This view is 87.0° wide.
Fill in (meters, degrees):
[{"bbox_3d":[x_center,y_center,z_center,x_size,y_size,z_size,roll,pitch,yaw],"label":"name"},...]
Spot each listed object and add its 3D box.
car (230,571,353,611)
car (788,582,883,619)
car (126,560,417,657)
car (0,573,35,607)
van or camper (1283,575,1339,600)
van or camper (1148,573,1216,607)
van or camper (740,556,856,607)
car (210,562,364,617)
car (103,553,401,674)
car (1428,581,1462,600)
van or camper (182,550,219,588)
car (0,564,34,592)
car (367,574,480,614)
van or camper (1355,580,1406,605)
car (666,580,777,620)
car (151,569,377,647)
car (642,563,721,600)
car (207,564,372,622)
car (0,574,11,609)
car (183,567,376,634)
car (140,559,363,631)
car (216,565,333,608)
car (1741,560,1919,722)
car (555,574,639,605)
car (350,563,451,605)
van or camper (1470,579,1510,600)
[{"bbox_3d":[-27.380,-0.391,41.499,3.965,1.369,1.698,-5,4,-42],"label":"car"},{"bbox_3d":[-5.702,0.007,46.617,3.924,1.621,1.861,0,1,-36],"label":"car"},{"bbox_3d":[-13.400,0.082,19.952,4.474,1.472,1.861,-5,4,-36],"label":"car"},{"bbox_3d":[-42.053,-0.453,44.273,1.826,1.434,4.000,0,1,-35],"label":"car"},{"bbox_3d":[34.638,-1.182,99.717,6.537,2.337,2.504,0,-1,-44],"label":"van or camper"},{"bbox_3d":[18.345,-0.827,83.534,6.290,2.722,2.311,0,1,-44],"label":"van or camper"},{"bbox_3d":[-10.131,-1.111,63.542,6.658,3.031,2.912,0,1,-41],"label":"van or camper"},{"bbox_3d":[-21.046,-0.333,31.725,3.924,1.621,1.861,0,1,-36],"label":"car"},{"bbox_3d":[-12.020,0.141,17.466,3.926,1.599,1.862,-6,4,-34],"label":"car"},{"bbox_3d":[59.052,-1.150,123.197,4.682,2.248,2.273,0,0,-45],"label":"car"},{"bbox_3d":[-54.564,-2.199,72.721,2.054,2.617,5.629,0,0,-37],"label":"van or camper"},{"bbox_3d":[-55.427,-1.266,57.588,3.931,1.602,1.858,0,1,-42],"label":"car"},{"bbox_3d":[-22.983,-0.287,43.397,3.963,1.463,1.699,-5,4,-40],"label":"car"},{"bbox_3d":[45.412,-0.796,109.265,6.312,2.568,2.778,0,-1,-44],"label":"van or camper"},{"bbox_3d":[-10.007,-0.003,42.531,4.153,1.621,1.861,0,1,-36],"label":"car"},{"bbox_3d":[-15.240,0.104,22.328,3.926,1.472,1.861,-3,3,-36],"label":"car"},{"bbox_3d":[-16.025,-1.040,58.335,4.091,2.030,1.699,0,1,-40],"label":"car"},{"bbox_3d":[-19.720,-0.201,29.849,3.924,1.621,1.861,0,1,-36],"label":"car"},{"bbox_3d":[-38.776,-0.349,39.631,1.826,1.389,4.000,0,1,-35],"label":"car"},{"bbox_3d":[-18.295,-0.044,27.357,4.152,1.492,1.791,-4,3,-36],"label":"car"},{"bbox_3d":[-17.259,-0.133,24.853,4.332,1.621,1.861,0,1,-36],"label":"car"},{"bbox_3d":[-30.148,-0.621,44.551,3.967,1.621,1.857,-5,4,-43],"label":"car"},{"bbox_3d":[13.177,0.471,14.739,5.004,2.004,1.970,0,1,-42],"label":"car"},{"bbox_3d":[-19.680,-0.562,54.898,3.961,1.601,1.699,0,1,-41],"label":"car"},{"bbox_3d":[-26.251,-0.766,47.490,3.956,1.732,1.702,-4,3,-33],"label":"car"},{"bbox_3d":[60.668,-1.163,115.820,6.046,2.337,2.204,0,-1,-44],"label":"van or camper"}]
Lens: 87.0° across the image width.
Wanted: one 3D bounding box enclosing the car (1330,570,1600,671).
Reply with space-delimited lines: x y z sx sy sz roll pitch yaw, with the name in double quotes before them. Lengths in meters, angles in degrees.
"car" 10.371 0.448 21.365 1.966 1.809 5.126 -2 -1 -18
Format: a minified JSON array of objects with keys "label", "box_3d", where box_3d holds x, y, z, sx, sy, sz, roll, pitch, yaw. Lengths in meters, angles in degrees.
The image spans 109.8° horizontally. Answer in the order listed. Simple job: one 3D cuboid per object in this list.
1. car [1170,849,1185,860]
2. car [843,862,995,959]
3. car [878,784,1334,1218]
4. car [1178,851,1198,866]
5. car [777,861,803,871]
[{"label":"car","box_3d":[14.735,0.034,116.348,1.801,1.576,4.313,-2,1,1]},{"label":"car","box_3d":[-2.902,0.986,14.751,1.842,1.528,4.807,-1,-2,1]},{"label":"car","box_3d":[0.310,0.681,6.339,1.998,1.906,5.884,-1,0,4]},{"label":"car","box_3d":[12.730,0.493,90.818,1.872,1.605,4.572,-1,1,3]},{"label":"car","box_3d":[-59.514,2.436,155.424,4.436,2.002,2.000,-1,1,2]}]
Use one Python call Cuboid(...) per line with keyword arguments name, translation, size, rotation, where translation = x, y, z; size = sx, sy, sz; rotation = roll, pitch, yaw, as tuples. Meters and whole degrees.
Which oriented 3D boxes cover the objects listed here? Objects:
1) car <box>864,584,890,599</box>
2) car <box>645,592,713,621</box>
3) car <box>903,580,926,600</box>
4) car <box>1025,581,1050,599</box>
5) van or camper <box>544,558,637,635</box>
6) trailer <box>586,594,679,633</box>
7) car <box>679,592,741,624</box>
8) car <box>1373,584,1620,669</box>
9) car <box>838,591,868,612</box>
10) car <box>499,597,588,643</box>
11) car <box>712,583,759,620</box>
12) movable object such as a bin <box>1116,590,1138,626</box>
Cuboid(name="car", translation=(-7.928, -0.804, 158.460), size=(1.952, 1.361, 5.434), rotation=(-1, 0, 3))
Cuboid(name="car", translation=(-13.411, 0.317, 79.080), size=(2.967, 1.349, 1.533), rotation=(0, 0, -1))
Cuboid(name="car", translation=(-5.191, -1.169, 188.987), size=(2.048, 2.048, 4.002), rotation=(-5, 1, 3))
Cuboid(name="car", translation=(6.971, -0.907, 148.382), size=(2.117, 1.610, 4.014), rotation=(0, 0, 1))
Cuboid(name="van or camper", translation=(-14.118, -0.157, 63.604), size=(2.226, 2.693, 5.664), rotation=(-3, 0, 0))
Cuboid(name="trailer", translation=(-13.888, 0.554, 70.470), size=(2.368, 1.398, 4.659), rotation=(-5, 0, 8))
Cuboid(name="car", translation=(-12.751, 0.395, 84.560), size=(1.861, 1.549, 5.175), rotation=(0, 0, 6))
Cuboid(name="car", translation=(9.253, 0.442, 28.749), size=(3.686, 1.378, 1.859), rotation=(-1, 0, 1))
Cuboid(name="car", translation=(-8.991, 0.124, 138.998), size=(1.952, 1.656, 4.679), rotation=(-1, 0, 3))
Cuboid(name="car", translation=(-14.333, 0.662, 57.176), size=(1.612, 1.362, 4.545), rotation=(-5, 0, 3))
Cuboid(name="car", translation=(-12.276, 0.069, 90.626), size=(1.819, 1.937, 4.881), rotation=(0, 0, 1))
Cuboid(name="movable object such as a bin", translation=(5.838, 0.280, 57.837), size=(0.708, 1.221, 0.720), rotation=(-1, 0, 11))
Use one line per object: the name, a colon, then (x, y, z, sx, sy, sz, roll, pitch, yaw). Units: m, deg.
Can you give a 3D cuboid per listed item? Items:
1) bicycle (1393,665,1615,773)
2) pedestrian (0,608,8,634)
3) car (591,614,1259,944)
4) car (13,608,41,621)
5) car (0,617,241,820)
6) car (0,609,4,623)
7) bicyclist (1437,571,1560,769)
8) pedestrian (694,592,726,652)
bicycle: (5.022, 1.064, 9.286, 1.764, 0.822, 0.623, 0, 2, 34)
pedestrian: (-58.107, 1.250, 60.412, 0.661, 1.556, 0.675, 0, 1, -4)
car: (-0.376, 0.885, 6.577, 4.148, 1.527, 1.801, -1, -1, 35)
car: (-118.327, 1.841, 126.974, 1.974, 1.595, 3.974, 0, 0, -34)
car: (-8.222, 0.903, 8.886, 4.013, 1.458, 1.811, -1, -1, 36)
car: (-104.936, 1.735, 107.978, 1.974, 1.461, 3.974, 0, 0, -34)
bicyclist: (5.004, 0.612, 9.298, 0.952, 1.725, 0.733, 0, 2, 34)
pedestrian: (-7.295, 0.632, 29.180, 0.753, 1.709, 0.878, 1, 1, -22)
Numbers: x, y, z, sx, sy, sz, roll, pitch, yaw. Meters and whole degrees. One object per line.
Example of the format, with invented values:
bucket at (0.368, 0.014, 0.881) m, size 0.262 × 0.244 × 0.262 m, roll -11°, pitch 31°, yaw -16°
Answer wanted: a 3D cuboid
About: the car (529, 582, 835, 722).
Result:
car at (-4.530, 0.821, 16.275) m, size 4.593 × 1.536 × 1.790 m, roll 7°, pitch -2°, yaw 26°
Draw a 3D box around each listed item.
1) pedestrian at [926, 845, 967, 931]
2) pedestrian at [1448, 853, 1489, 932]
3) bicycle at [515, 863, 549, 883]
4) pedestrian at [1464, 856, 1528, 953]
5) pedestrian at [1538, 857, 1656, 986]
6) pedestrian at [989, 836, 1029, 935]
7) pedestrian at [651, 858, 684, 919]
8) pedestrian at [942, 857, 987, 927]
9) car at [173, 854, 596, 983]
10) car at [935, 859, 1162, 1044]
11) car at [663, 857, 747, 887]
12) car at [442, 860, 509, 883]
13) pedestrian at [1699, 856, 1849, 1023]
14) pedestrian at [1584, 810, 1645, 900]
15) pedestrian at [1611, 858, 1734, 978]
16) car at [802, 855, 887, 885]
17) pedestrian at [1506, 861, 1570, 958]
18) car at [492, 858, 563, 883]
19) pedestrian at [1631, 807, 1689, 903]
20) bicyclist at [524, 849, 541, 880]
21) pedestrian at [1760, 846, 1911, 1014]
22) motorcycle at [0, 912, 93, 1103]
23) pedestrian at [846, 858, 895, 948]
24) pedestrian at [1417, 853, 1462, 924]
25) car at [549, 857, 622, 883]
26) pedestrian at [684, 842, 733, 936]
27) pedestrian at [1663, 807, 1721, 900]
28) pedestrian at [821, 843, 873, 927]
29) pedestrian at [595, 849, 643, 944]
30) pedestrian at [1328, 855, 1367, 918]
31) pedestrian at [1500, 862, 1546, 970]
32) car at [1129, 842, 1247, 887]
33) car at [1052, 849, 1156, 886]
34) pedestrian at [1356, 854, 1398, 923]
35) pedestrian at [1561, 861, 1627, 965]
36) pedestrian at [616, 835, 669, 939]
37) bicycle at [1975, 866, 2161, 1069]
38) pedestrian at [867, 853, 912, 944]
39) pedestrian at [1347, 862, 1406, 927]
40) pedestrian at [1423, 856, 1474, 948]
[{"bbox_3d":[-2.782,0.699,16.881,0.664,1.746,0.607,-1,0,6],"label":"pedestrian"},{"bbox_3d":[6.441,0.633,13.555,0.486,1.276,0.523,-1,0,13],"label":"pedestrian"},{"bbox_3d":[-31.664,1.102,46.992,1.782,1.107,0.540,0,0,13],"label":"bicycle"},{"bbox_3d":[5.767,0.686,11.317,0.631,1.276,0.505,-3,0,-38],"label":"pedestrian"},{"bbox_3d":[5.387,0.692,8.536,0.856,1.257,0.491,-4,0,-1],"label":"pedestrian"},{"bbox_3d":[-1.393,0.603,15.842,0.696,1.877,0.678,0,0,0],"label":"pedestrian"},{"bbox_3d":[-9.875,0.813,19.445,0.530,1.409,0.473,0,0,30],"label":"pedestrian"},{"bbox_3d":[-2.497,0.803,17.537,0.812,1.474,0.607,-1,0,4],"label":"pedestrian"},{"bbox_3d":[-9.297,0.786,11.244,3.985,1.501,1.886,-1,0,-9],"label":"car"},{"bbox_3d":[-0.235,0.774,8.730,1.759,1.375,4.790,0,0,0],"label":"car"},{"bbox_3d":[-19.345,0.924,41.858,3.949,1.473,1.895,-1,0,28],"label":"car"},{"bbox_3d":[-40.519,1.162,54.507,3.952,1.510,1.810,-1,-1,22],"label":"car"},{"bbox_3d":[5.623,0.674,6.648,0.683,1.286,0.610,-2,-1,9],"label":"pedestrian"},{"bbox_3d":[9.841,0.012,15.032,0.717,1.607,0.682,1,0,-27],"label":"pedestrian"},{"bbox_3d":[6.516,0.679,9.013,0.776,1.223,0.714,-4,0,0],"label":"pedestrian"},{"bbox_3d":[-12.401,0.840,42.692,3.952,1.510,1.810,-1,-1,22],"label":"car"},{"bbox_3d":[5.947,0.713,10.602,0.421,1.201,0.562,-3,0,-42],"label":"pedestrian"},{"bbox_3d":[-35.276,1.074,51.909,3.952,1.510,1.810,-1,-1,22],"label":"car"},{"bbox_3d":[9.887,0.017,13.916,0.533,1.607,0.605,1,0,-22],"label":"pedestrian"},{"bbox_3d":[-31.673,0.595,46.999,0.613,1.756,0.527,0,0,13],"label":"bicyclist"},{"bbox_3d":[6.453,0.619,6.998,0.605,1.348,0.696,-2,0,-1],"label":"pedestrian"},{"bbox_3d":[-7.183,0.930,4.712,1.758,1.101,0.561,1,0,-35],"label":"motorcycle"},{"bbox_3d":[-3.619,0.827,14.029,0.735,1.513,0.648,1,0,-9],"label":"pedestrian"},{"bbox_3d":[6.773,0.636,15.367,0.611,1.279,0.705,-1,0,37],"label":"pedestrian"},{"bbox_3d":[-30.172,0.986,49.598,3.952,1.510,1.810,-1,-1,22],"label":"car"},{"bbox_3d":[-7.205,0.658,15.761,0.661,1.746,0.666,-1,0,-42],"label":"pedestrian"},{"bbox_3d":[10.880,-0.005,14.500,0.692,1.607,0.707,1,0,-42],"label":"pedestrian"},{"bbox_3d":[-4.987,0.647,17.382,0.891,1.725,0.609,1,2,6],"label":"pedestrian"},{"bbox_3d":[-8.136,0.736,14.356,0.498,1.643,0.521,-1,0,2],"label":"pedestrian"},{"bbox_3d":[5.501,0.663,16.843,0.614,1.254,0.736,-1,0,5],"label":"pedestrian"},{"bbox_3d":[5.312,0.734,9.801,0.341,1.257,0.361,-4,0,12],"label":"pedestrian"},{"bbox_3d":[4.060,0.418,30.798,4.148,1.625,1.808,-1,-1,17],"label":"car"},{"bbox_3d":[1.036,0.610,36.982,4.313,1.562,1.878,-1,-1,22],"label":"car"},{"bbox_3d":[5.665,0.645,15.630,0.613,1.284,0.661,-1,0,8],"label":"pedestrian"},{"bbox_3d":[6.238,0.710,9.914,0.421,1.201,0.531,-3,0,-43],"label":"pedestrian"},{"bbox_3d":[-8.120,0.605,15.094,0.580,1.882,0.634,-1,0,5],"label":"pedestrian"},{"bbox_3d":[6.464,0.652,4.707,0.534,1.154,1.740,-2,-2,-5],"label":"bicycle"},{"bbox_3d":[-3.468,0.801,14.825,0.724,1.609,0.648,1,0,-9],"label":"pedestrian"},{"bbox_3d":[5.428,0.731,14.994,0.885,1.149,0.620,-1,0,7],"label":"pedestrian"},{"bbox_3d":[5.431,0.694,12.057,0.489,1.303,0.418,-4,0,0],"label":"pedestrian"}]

Aim of the exercise:
Beginning with the line that has "car (126,560,417,657)" and ending with the line that has "car (350,563,451,605)", set down the lines above exactly and include no others.

Expected answer:
car (126,560,417,657)
car (0,573,35,607)
van or camper (1283,575,1339,600)
van or camper (1148,573,1216,607)
van or camper (740,556,856,607)
car (210,562,364,617)
car (103,553,401,674)
car (1428,581,1462,600)
van or camper (182,550,219,588)
car (0,564,34,592)
car (367,574,480,614)
van or camper (1355,580,1406,605)
car (666,580,777,620)
car (151,569,377,647)
car (642,563,721,600)
car (207,564,372,622)
car (0,574,11,609)
car (183,567,376,634)
car (140,559,363,631)
car (216,565,333,608)
car (1741,560,1919,722)
car (555,574,639,605)
car (350,563,451,605)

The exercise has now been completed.